Practice teams up with BIG for California campus

Thomas Heatherwick has been confirmed by Google to design a new ‘nature-inspired’ global headquarters in California.

Heatherwick Studio, which is currently working on plans to build a new Garden Bridge across the River Thames, will carry out the work at Mountain View with Danish firm Bjarke Ingels Group.

The pair have formed a 50:50 design partnership for the scheme at the Californian city which is already home to Google’s main headquarters, called Googleplex.

UK engineers AKT II and Atelier Ten are also on the design team.

Their plans include a range of reconfigurable buildings under giant glass canopies, providing office accommodation, manufacturing and lab space, as well as a range of public spaces and amenities for Google workers and the public.

Heatherwick said the scheme will “augment and turn the dial up more on nature” and “enclose and protect pieces of nature”.

Bjarke Ingels said: “In nature things aren’t over-programmed or over-prescribed and in a way if our cities, or our work environments, could have more of this flexibility or openess for interpretation, they would become more stimulating and more creative environments to live and work in.”

The scheme will also restore natural waterways that will bring water out to the bay.

Representatives from Heatherwick and BIG were out in California last week making presentations to the technology giant’s board with the plans being submitted to the city council at the end of last week.

Mountain View city councillor Ken Rosenberg told the New York Times: “Mountain View needs to evolve to a world-class city.
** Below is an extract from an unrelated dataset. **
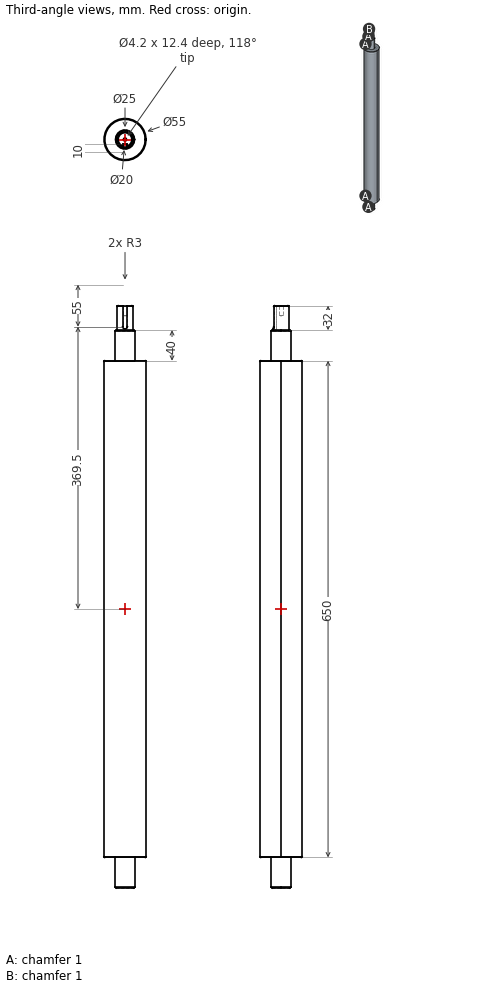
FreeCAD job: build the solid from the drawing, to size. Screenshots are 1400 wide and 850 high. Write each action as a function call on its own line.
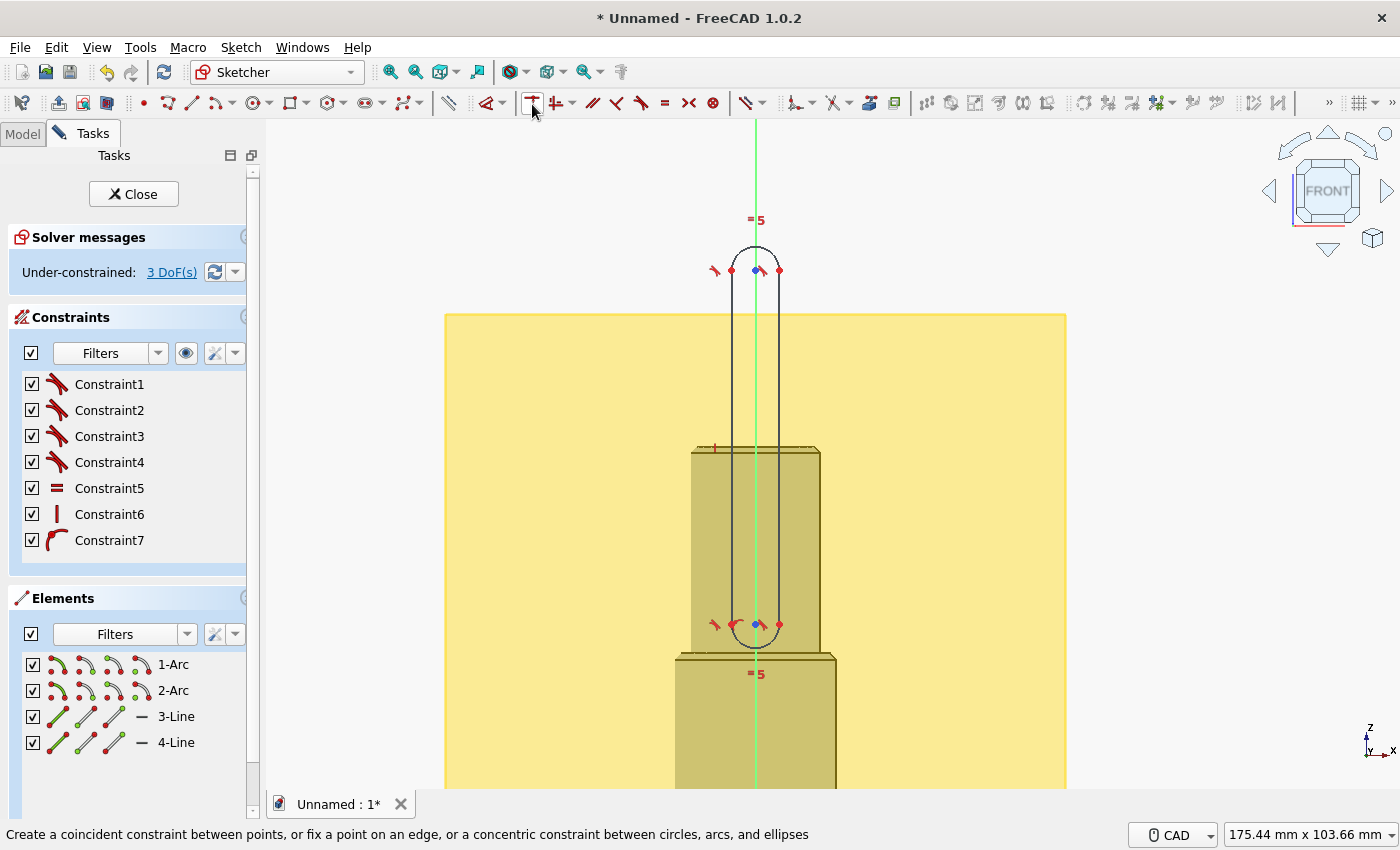
click(486, 104)
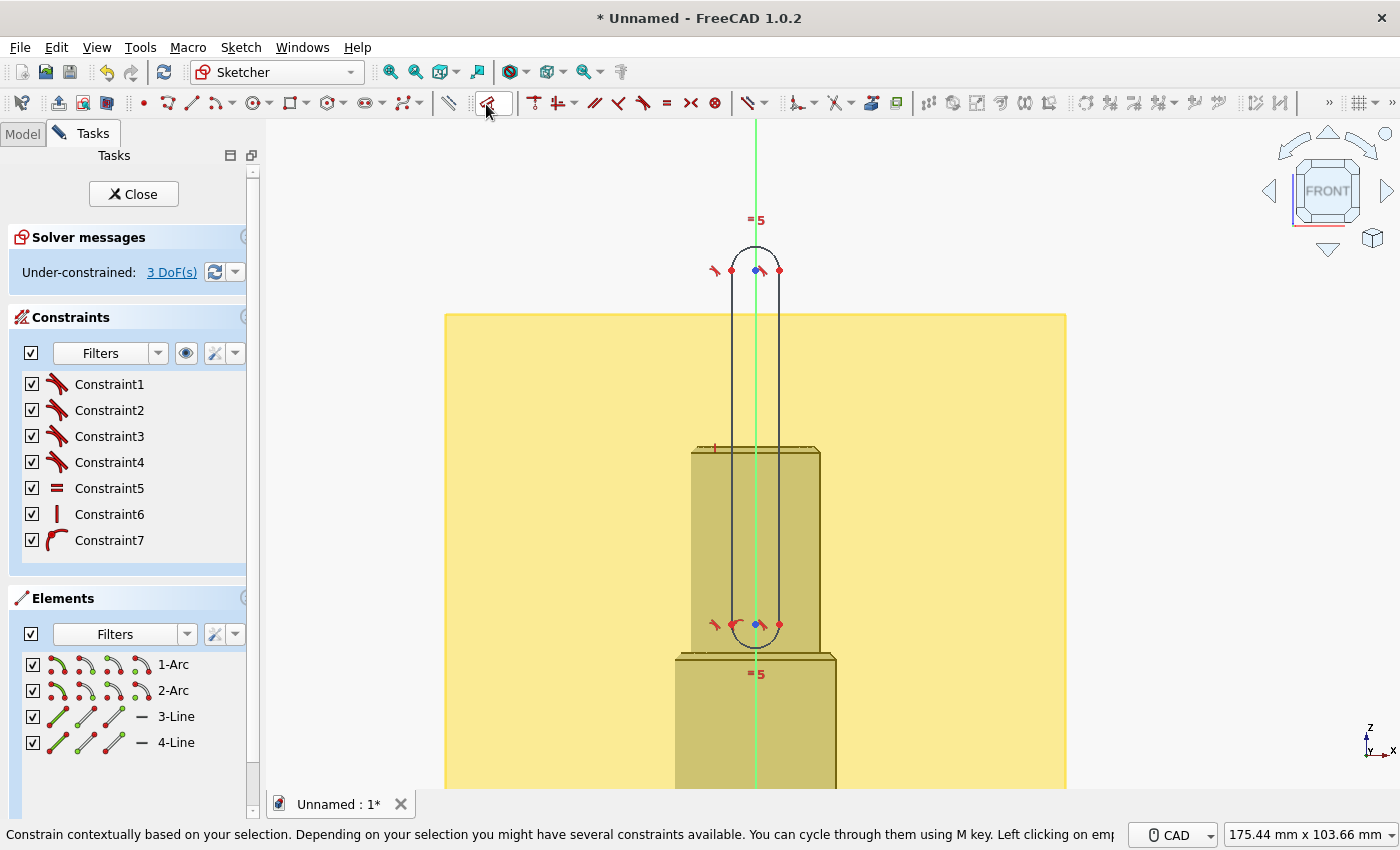
scroll(742, 644, up, 4)

One of the criteria of a world-class city is that it is architecturally interesting.”

The city has spent the last two years debating a plan to redevelop the city’s North Bayshore area, which surrounds Google’s main offices and is close to major highways.
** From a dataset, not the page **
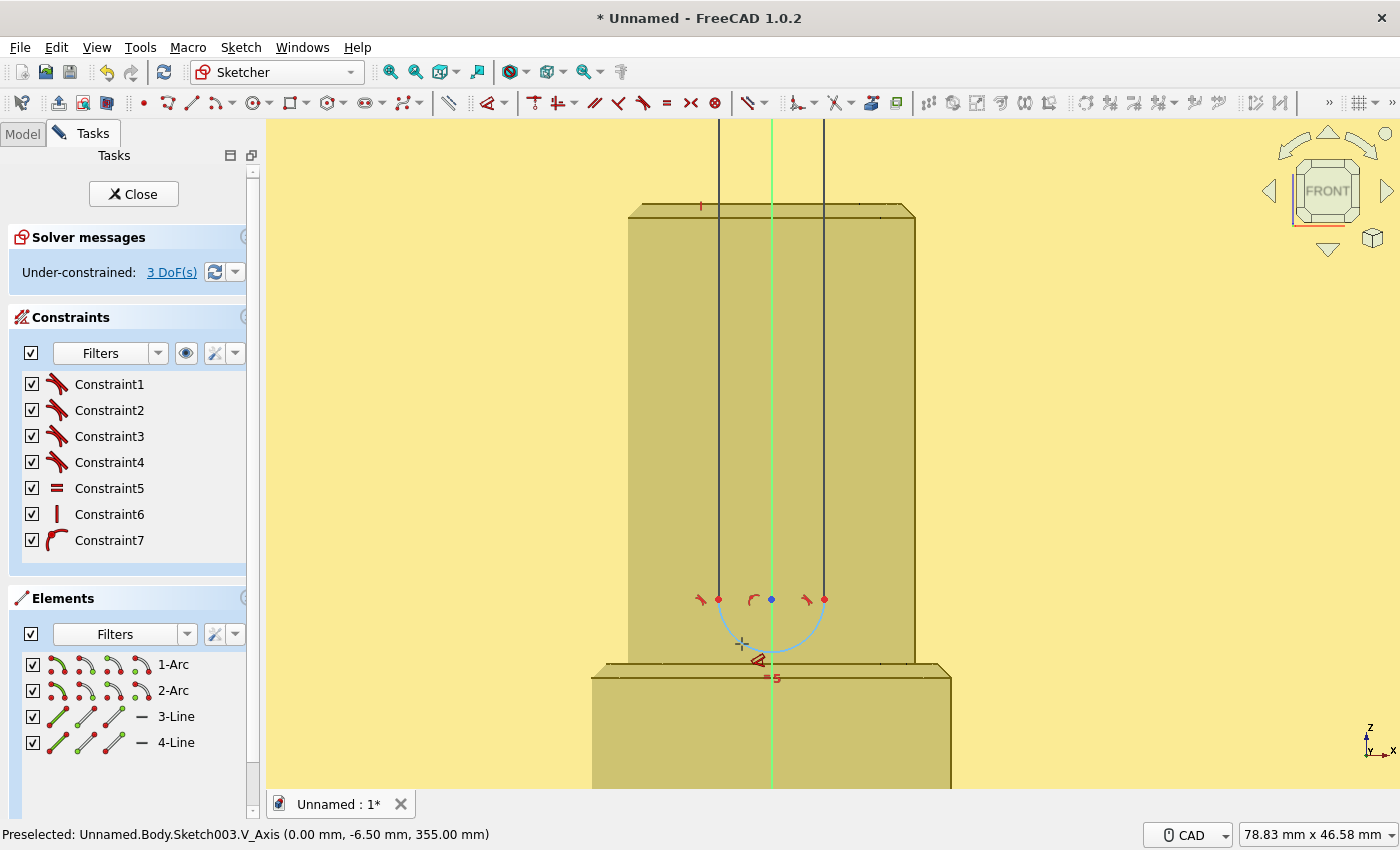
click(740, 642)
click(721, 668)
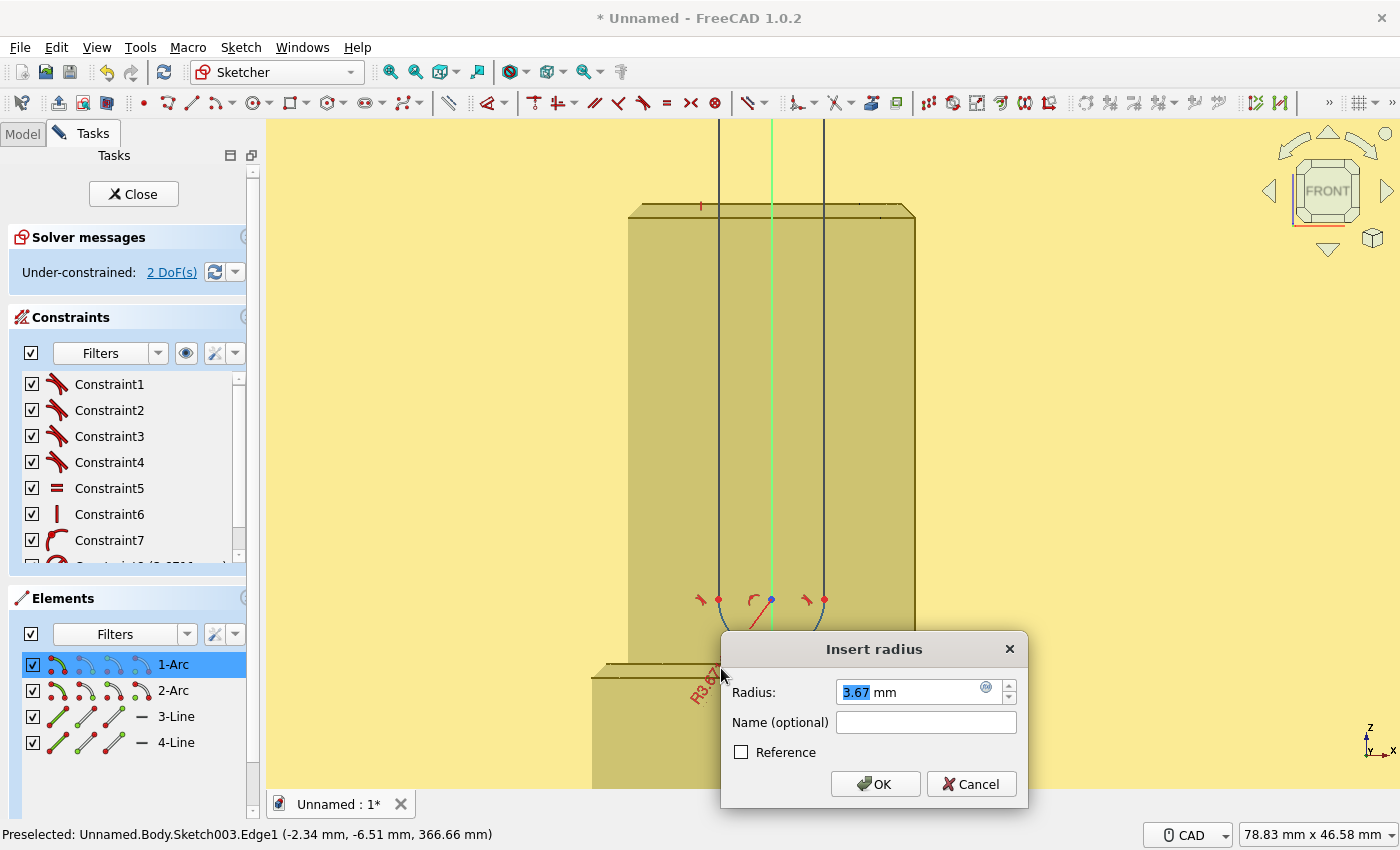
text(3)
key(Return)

Traffic jams are a regular occurrence in Mountain View, which is around 40 miles south of San Francisco, and Google’s vision for a new Googleplex will include bike and pedestrian paths.

The job is one of the biggest Heatherwick will be working on along with schemes in the Middle and Far East, which include a new park in the Abu Dhabi desert and a learning hub for a university in Singapore.

Heatherwick is already working on a brace of schemes in the US – a new park on stilts in Manhattan’s Hudson River and the Hudson Yards mixed-use development also in Manhattan.

The news comes as Facebook announced last month that US architect Frank Gehry is to design it a new office in Seattle. The architect has also designed the firm’s Californian headquarters.

And Foster’s is designing a new headquarters for Apple in Cupertino, also in California.

Google is working with AHMM on a new UK headquarters at King’s Cross in London but that scheme has been hit by a series of delays.